Consider the nominal parameters of Table 1, a classic PI voltage controller set to a 100 V reference with variation ranges of $\underline{L_1}=200$ $\mathsf{\mu }$H, $\overline{L_1}=300$ $\mathsf{\mu }$H, $\underline{C_1}=100$ $\mathsf{\mu }$F, and $\overline{C_1}=200$ $\mathsf{\mu }$F, and similar bounds for $L_2$ and $C_2$. Figure 3 shows the behavior of the output voltage for representative parameter variations; the different combinations of other parameters do not affect the dynamics considerably with respect to the nominal values and are not shown in such a plot. However, the most important characteristic is the asymptotic stability in the closed loop.

5. Experimental Results

A converter prototype was built to corroborate the analytic and numerical results (Figure 4). The first test was performed with an abrupt load change from 100 to 50 $\mathsf{\Omega }$ with a 600 W programmable DC electronic load (Model 8510 from BK PRECISION). This is shown at $t=0.13$ s of Figure 5. The experimental data were captured with a four-channel oscilloscope and plotted in Matlab; hence, the time shown is used only for reference.
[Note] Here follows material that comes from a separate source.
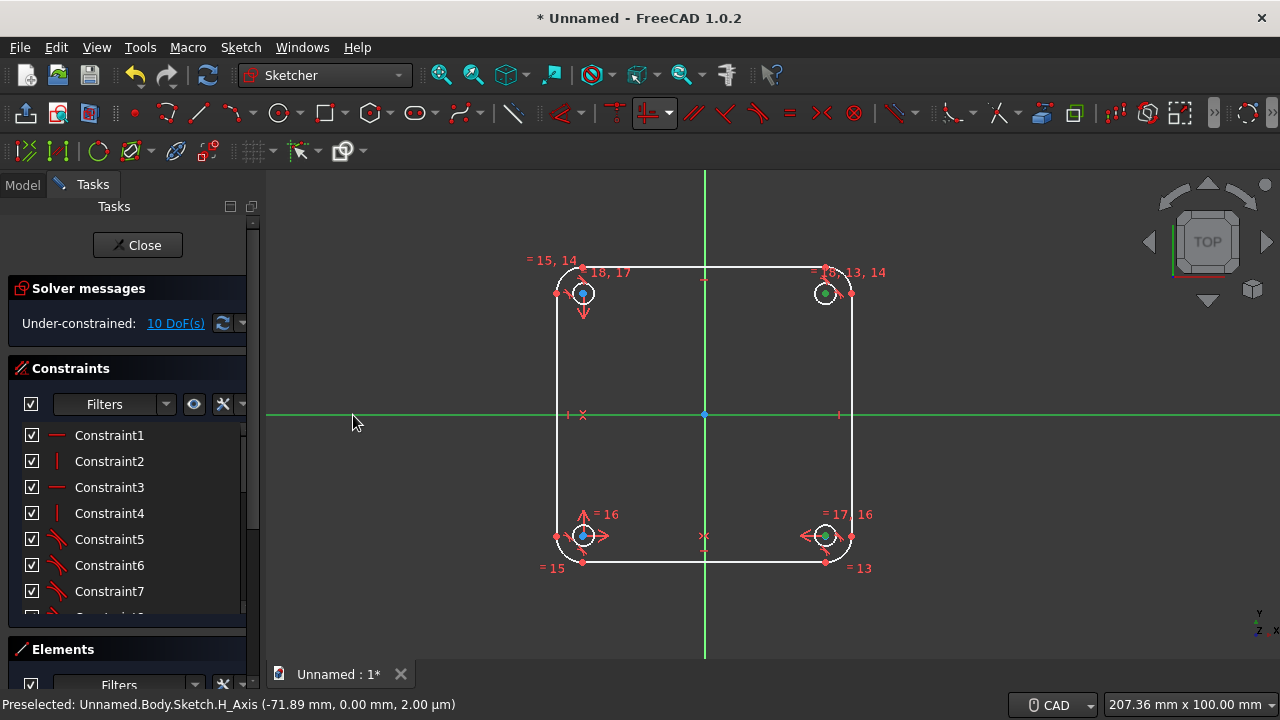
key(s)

The second test consisted of the modification of the values $L_2=200$ $\mathsf{\mu }$H and $C_2=5$ $\mathsf{\mu }$F with the expectation of preserving the stability for a reference change from 20 to 100 V. Figure 6 shows the output voltage behavior; it can be easily noted that the stability was preserved even for such parametric changes. Figure 7 shows that these parametric changes only affected the ripple in a capacitor, but the dynamic behavior remained acceptable.

6. Conclusions

This paper reports a study of robust stability against parametrically bounded and arbitrary variations for a double-capacitor boost converter. This topology showed excellent stability properties, and the tuning of a simple controller was easy to perform without a destabilization risk. Additionally, the significant voltage gain, high power density, high efficiency (about 95% for the proposed parameters), and the non-pulsating voltage between the input and output made the converter versatile. An analysis of parasitic components in electronic devices for high-resilience systems will be performed in future work. In addition, cascaded configurations and the dynamic behavior with a constant power load must be further analyzed.